Study material ::

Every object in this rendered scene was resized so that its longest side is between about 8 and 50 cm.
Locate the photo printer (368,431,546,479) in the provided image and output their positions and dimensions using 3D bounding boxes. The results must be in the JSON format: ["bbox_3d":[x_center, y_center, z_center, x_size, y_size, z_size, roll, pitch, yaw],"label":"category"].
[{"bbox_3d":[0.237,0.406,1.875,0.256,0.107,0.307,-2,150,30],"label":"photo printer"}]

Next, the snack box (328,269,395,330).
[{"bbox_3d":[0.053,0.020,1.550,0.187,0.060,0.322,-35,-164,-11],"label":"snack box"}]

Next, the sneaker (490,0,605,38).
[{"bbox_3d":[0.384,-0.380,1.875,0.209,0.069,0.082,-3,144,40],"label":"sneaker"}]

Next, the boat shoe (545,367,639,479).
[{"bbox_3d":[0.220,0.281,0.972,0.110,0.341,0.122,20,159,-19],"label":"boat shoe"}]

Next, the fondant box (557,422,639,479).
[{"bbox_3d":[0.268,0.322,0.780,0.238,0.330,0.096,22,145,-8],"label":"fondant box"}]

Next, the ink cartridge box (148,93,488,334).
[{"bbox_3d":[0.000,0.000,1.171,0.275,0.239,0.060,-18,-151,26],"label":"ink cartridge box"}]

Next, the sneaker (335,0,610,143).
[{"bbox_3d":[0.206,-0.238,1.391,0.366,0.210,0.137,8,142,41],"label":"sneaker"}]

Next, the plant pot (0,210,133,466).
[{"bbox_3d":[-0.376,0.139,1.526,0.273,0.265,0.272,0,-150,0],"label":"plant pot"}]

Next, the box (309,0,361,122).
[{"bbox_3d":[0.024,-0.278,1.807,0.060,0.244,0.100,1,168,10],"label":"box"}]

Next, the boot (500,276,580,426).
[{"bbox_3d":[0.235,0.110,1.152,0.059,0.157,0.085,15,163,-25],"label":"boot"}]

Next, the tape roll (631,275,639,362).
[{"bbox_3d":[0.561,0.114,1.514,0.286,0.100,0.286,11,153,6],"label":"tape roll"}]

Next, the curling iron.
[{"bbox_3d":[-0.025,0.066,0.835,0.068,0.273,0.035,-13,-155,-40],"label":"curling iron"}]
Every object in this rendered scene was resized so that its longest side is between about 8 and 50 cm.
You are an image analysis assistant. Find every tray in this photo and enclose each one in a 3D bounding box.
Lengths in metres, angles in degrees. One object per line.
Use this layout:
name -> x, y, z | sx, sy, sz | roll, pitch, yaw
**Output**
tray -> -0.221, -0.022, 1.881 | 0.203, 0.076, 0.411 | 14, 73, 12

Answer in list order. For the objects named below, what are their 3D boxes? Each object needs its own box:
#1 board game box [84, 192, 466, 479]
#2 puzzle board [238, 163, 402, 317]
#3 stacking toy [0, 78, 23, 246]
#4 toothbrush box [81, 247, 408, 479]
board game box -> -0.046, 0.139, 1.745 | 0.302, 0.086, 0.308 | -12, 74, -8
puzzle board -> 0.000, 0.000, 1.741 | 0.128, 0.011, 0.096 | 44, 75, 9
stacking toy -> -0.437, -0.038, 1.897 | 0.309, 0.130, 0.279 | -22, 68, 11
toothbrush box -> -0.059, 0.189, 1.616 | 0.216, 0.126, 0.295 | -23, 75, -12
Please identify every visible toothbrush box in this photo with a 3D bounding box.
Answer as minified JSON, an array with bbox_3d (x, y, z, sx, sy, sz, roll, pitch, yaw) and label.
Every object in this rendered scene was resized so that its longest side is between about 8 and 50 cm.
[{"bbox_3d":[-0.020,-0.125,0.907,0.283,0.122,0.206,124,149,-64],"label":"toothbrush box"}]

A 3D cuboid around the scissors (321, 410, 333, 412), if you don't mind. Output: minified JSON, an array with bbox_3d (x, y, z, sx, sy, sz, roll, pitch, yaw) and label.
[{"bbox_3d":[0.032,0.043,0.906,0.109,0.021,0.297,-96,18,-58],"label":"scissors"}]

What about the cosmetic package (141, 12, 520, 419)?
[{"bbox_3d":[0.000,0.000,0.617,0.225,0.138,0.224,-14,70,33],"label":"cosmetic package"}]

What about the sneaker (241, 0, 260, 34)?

Required work :: What is needed is a copy of every line above in which "Answer" appears.

Exercise response ::
Answer in list order. For the objects named below, what are their 3D boxes? Each object needs its own box:
Answer as minified JSON, an array with bbox_3d (x, y, z, sx, sy, sz, roll, pitch, yaw) and label.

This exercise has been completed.